Lo que me consuela, tocante a ustedes, es la seguridad que tengo de que cuentan con buenos confesores, y que aunque no tuvieran ustedes de ellos otra ayuda más que la seguridad de que sus consejos no les dañarán, ya es mucho. Una cosa que me parece muy necesaria y que les recomiendo con toda mi alma, es que toda la comunidad vaya siempre al mismo; no es que quiera decirles con esto que no vayan nunca más que a un confesor, porque es posible que el que el señor Vicente les ha dado como confesor principal no pueda sujetarse a tanto; pero si tienen otro como ordinario, que todas vayan también con él. No crean que les digo esto sin motivo: me mueve a ello el conocimiento que tengo de los desórdenes ocurridos en cierta comunidad en la que se fue introduciendo poco a poco esta libertad de que unas fueran con un confesor y otras con otro, de lo que surgió la desunión y la perturbación, habiendo sido antes de esta desgracia una compañía observante, muy unida y en la que se daba mucha gloria a Dios. Suplico a Nuestro Señor que las guarde de tal desdicha, como así lo espero si continúan ustedes amándose mutuamente y trabajando por sobreponerse a sus pasiones y a los pequeños movimientos que a veces puedan sorprendernos.

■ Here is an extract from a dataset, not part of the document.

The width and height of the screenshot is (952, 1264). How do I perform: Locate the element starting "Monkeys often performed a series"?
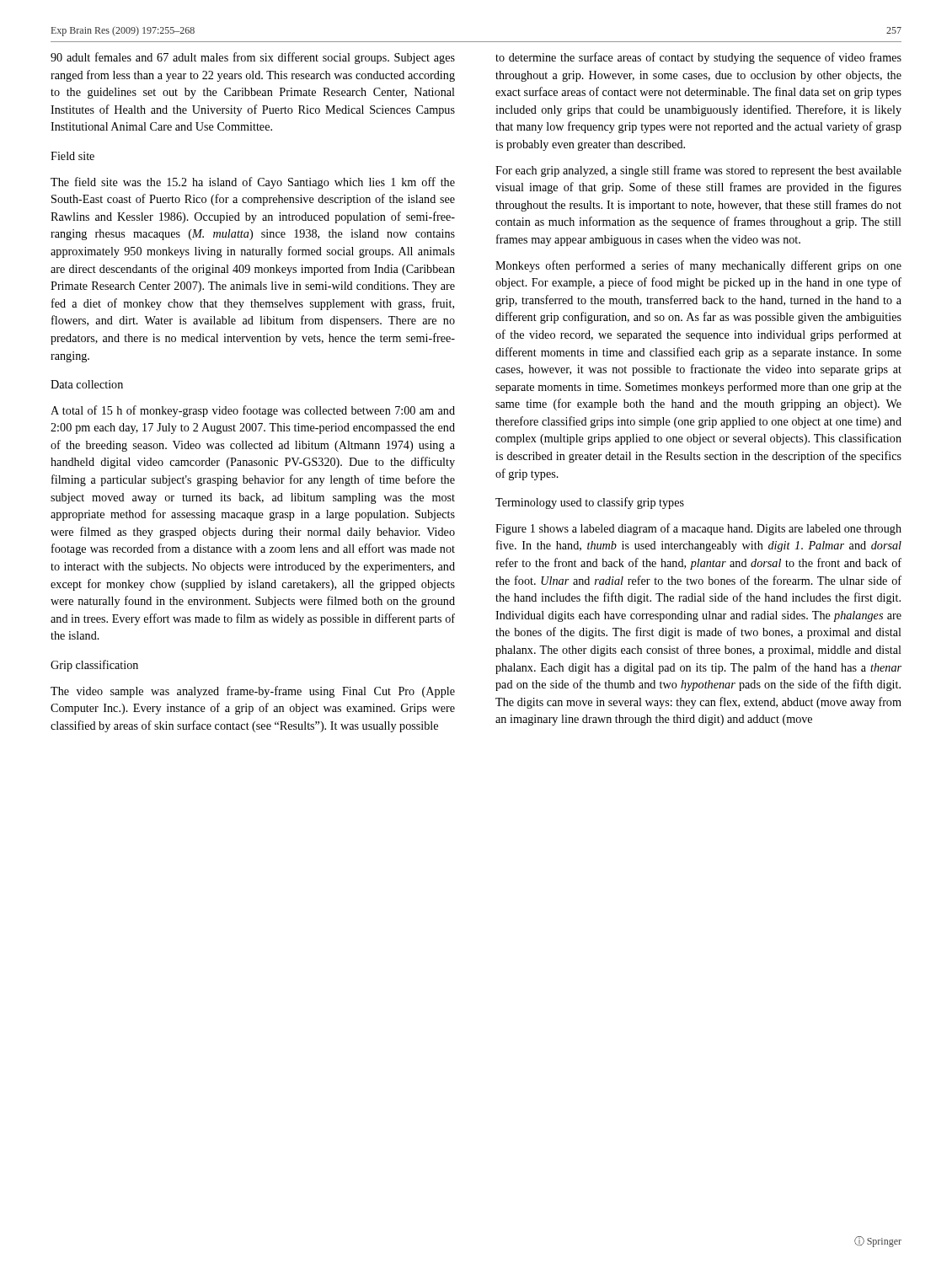click(698, 369)

Me parece que ya les he comunicado el fallecimiento de Sor Claudia Chantereau. Si Dios quiere, otro día les contaré lo que se diga en la conferencia sobre sus virtudes. ¡Animo, queridas hermanas! Esta vida es tan corta para algunas! y la recompensa de nuestros sufrimientos interiores y exteriores es eterna, como lo saben muy bien; pero sólo se otorga a los que hayan combatido valerosamente. Les deseo que todas salgan vencedoras, y soy en el amor de Jesucristo por el que vencemos todas nuestras dificultades, Hermanas, su muy humilde hermana y afectísima servidora.

  1. C. 571 Rc 3 lt 513. Carta autógrafa.